# Never go to MDG, they'll say you're a hacker



## ibo (Nov 2, 2007)

Soooooooooo True :up: 

Seems like everyone wants your money. They sell you stuff and they don't f******g care about you anymore. I'd like just to tell you a bad place to purchase any electronics.

MDG
Now, I'm not sure if people are familiar whit this "place". I think it is in Canada, only. Anyways, they get their stuff from MSI which is in the States - so everyone, heads up. 

MDG - huge advertisement, free cameras, free CPU's, free iPods - so not true. Every time I see an MDG ad in the newspaper, I get annoyed. Let me tell you something - all the things listed there are not free. When you buy a computer or a laptop you will have to fill out a rebate form for the "free" iPod you're buying. 

Anyways, I bought my laptop last year, Christmas. I was so happy - the moment I turned it on I understood I shouldn't have done it this way. The brand really does matter - Dell, HP, Toshiba, Acer, Gateway are the guys. Mine was VisionBook - have you ever heard of it?! One week later, I had to reinstall XP on it. First of all, the CDs the store gave me were missing files. During the setup process something snapped. After the second restart, the computer just died after "Setup is now configuring you hardware. This may take a few minutes". Minutes? I waited hours and hours. I tried booting of a floppy, CD, USB, Win98 and 95. Didn't work. I asked a pro and he told me to go and talk with them. I remember it was Christmas break - I went there. The "technician" could not enter the BIOS - because on the boot screen it said to press F2 but you actually had to press the Delete button. He couldn't boot so he told me he needed 4 hours to do the job and he will charge me $400. I didn't want to argue because I thought I had enough - all I wanted was a nice Christmas present from myself with no complications. However, I simply said that I cannot pay another $400 after waisting $1700 on the system. The manager, big male, came up to me and offered me to leave. 
I had to call the police, and do all the conversations in front of two cops. I explained to everybody what had happened. Then, the manager started talking to the cops: "Well, that's what happens when little boys play with computers instead using them". I lost my nerves then. I did not care about any cops or laws I was going to brake - I expressed my feeling in a series of words that my mom would slap me through the face if she hears them. The last thing I remember was that a computer that cannot perform an installation process of The OS is simply a crap (there was another word before every noun). Don't you agree. One of the cops started talking about some customer association and that they don't get computers. All of the sudden, the manager grabbed the laptop from my hands and gave me a new one.
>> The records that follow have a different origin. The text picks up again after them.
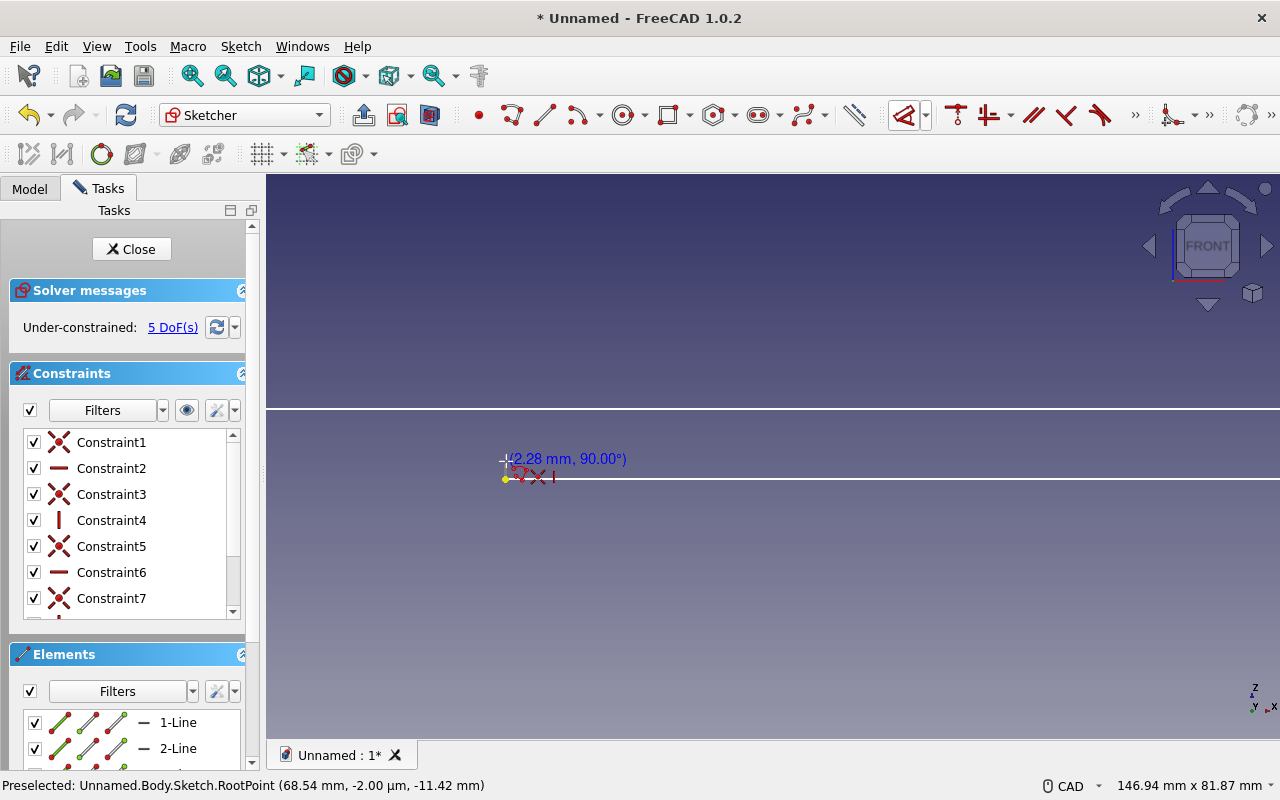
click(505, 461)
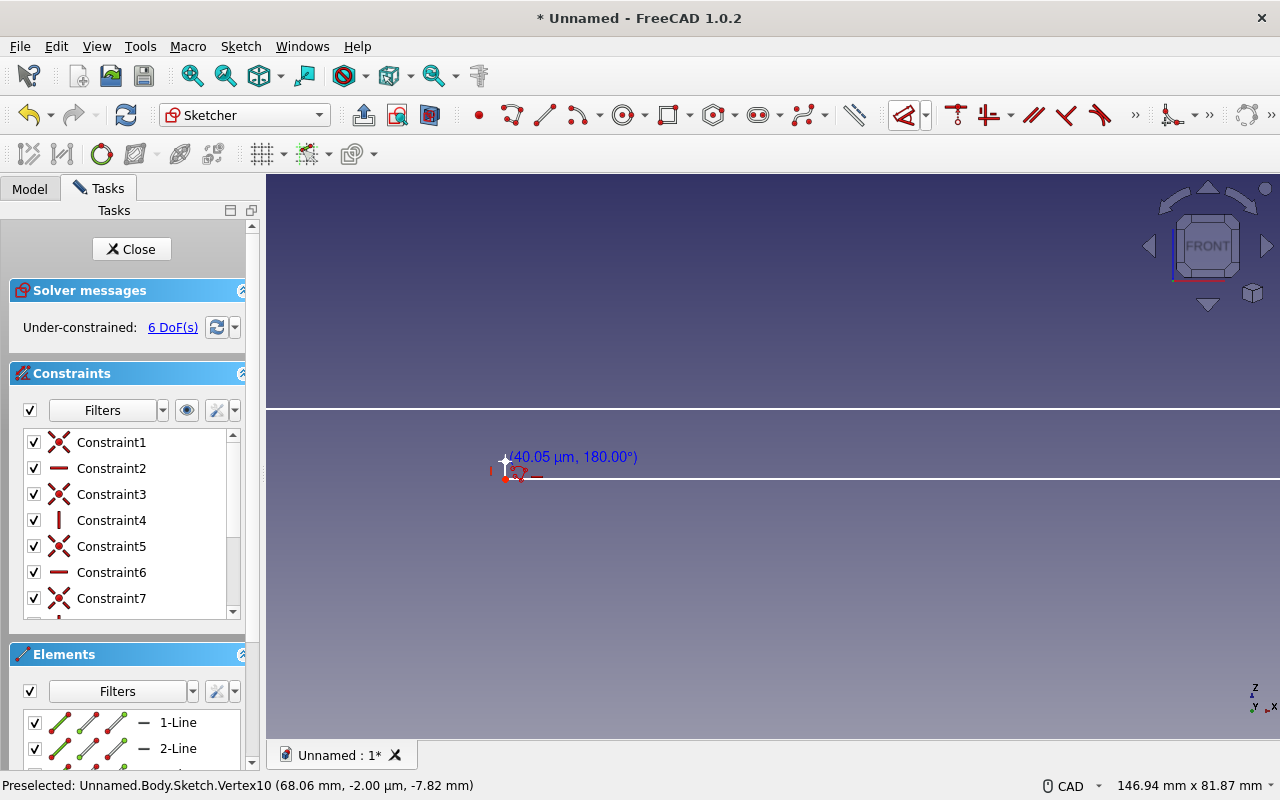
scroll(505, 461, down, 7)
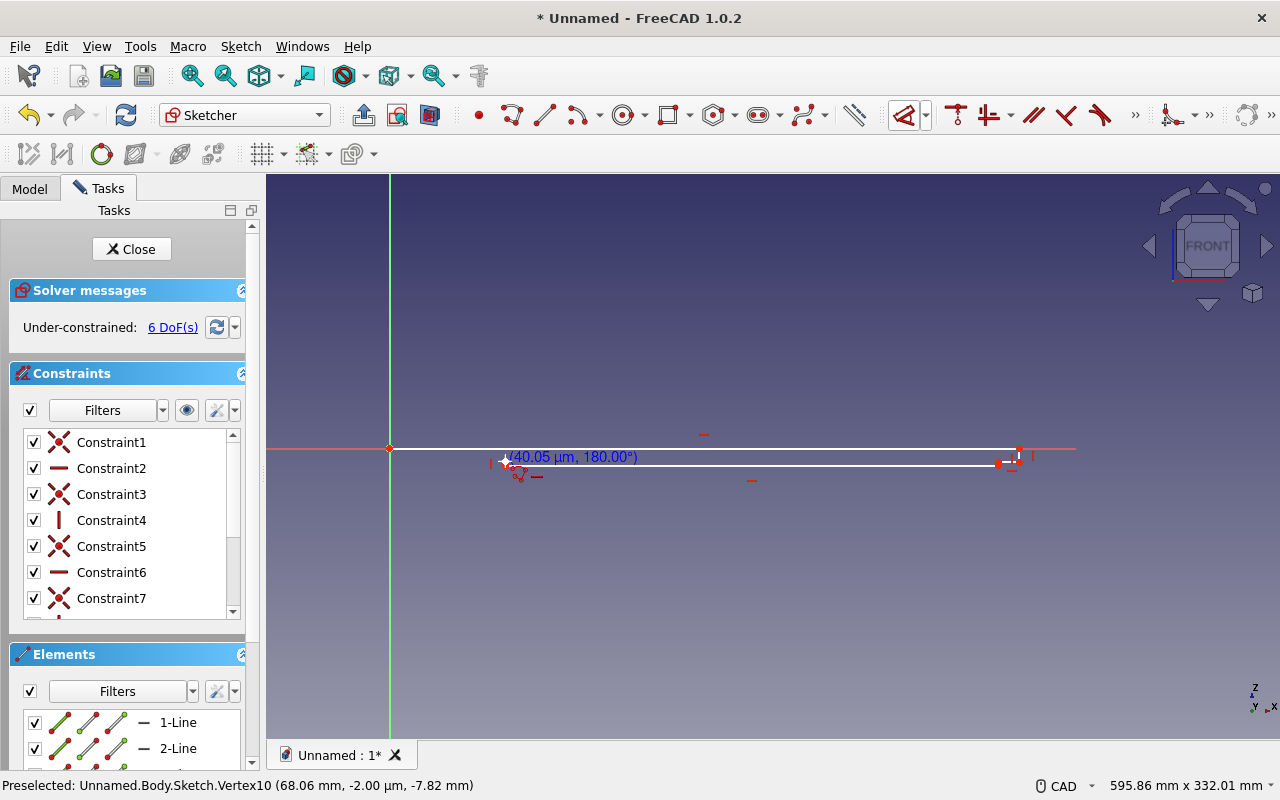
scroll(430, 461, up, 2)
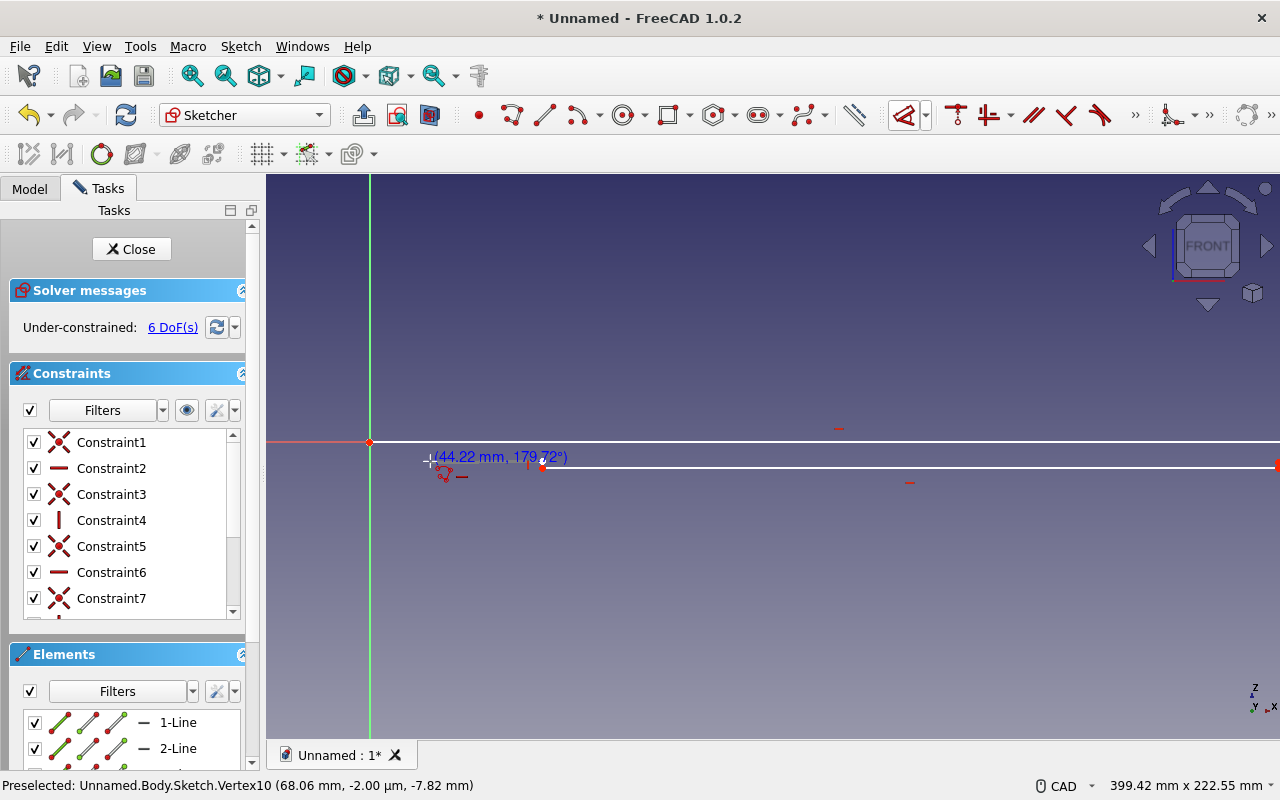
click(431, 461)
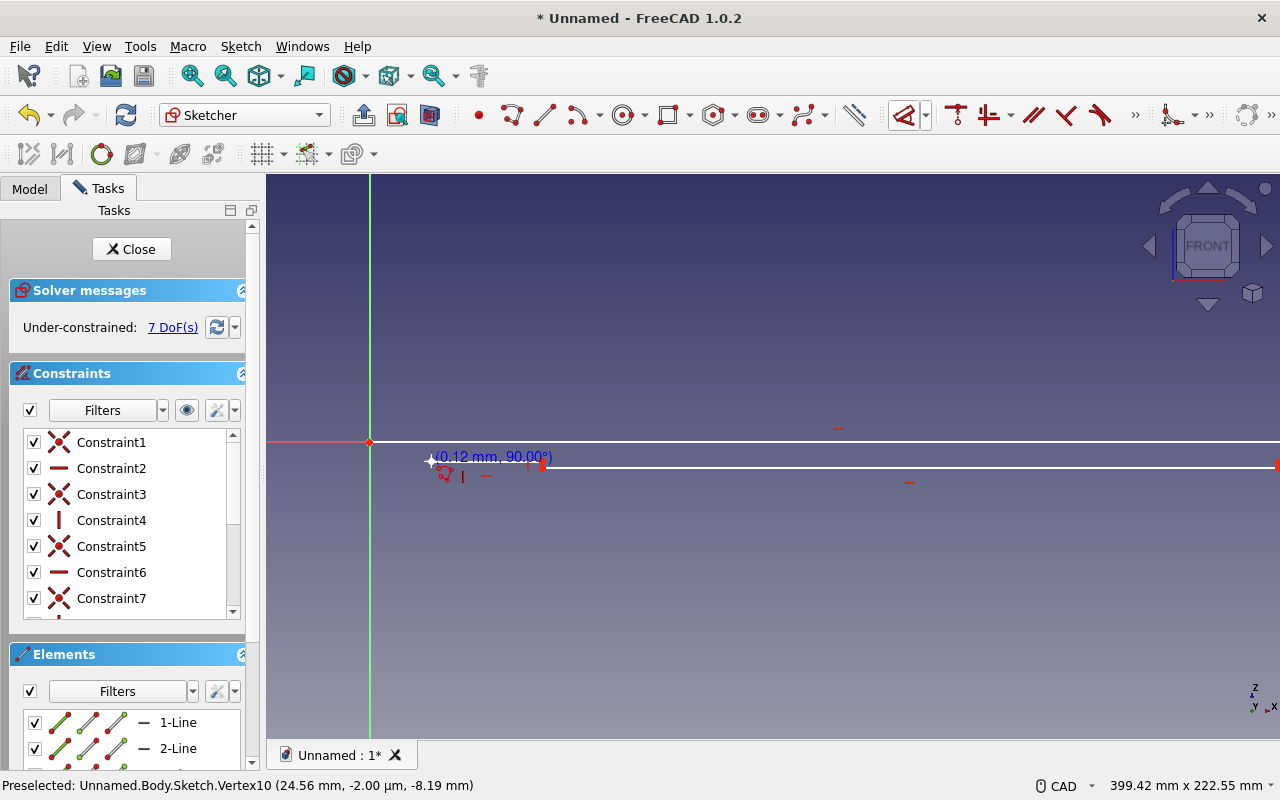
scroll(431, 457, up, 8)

That was the most costly event in my life so far. I realized a lot of thing after that happened to me. One of them is:

Always buy the brand. Before I thought it doesn't matter but it does. Trust me - I learned the hard way. I don't want people experiencing the same thing I did.


----------



## bp936 (Oct 13, 2003)

MDG is becoming the worst place to buy a computer, I heard too many similar stories and age did not matter. Wonder if there are any decent stores left with good service for computers. thr brst service until now I had was with toshiba laptops, they don't seem to break down as often as I heard from other brands and the service from Toshiba guys was excellent when I needed it.


----------



## n2gun (Mar 3, 2000)

Toshiba does back up their products. got a toshiba dvd player/recorder-vcr combo. was dead out of box. called tech support. they had me send it ib and promised 3 day turn around. 3 days after i sent it, got email on way back 2 day ups.


----------



## RedHelix (Oct 31, 2005)

You just can't buy stuff from brick-and-mortar stores anymore. Salespeople push whatever they have the most of and techs are usually incompetent.

You have to find a manufacturer with a good warranty reputation and buy directly from them, if not from an online retailer.

Take ASUS laptops for example. 2 years out of box warranty, 7-day guaranteed turnaround time for repairs, free shipping for repairs, and the first year of the warranty covers accidental damage for free. You gonna find that same level of service with Compaq? The correct answer is no.


----------



## ibo (Nov 2, 2007)

Yup. What I've heard from people - HP, Toshiba, Asus, Dell and Acer. Applebooks too.


----------